Currently, we have several applications that use the same common backbone of infrastructure code, from simple utilities to wrappers around larger libraries, offering our preferred ideal interfaces internally.

Currently, we have tried and used a mixture of solutions for distributing this among projects, from single large repositories to Nuget packages.

When visiting this topic late last year, the community had warned me off using Nuget as a method, and I would be interested in understanding what best-proposed methods are.

We are currently developing in C#, across a mixture of Core 3.1, framework 4.62, etc. We use TFS 2017 for version control.

At the moment, I'm considering Subtrees and Sub Modules, but I would be really keen on what people have found most effective from their experiences.

Edits

Based on feedback, as @GregBurghardt has mentioned, I am looking for more conceptual solutions or how it has worked for others rather than a specific tool for a job. I.e. what works for your organisation. What are the tradeoffs of your workflow?

I will admit that I was torn whether the question sits well here or on Stack Overflow. As I felt it was more conceptual or opinion-based, I felt it would be more home here ((apologies if it's in the wrong place!)).

As for Nuget @DavidArno, On TFS 2017, we have set up a local NuGet repository, which is being used by other projects. I migrated my project into this environment, but after 'living' with Nuget workflow, it raised numerous issues. The main one is agility, whereby you want to extend or expose shared functionality quickly, you are pushed into a roundtrip of rebuilding, pushing and updating packages. At a low point, I found myself updating packages 10-20 times in a day, at a high point dreading the need to do it once in the day.

When discussing the issues I found with my workflow, the main prevailing opinion was 'that's not what Nuget is for' and don't use Nuget to distribute libraries internally.

An opinion, I'm inclined to agree now. After building a pipeline that would build, push and update packages seamlessly -the time overhead was becoming exorbitant. Full rebuilds of my project to debug something was pushing over an hour, vs sub 10mins in a single solution. Visual Studio and Rider would often throw a 'wobbly' at frequent package churn and updates in the isolated period.

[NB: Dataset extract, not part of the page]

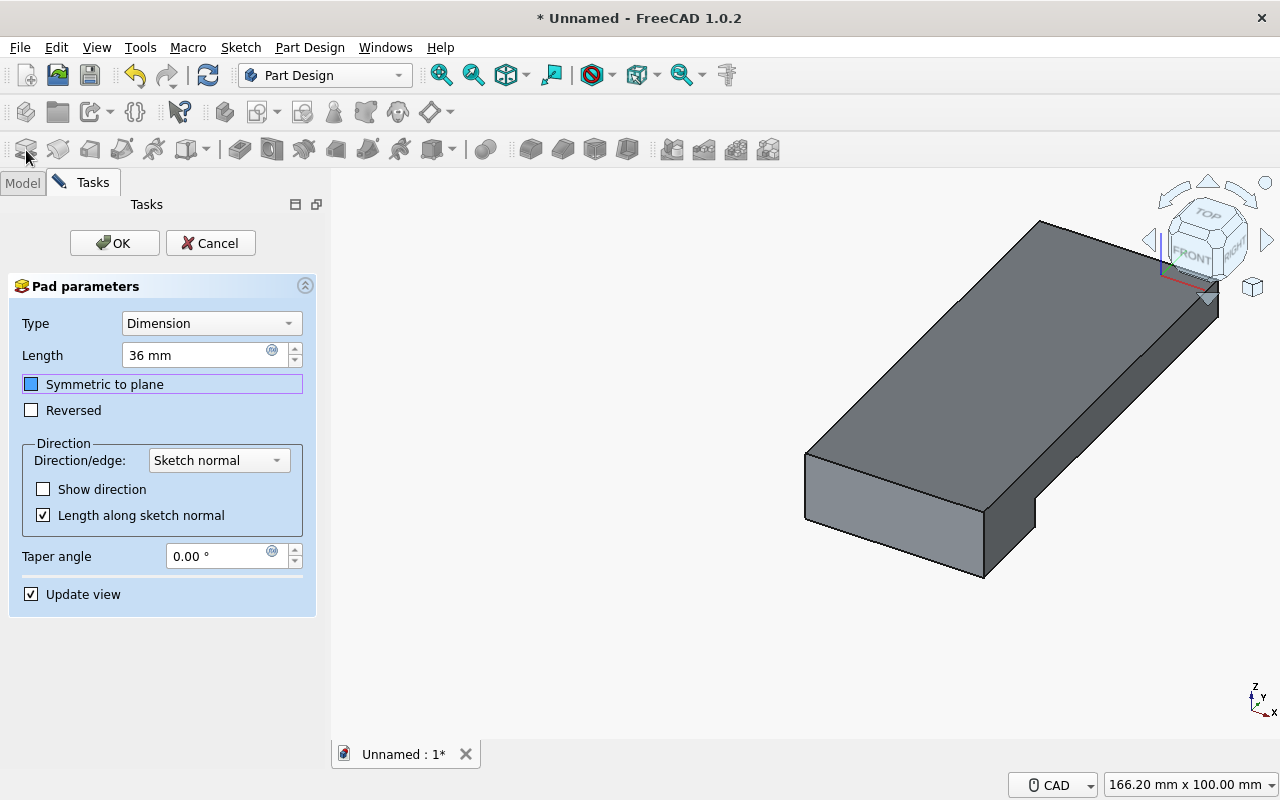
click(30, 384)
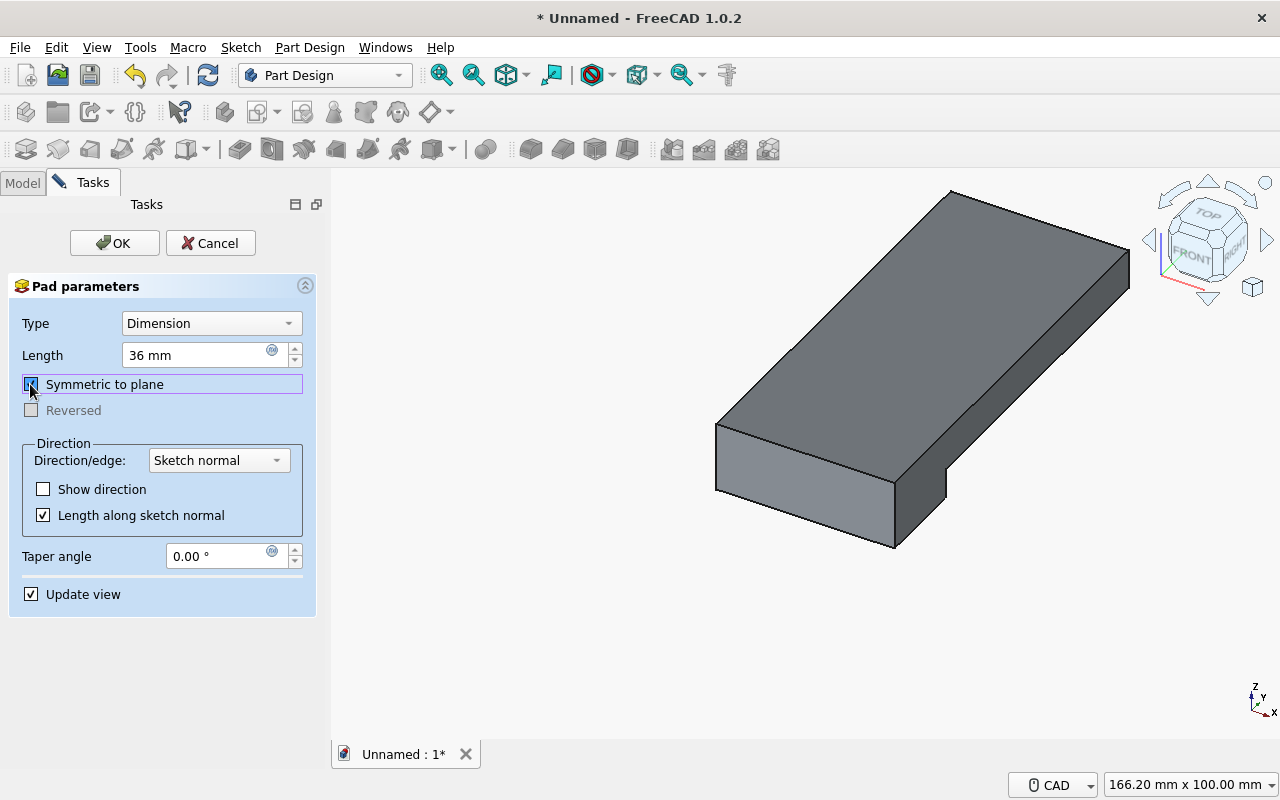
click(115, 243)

I appreciate it raises wider questions over coupling, architecture - but given an example of something like a reflection library to help and assist with common jobs, there are times when you are growing the library's functional base in tandem with the task you're doing or discovering a more performant way of solving a problem in your library.

I don't believe development workflow should get in the way or deter from this process.

Obviously, there will be onlookers who have mature library x or process y. In those situations, Nuget is probably applicable. But for those who are facing fragmented codebases, duplication of common functionality between projects are likely to be in my situation where I want to bring about better unification.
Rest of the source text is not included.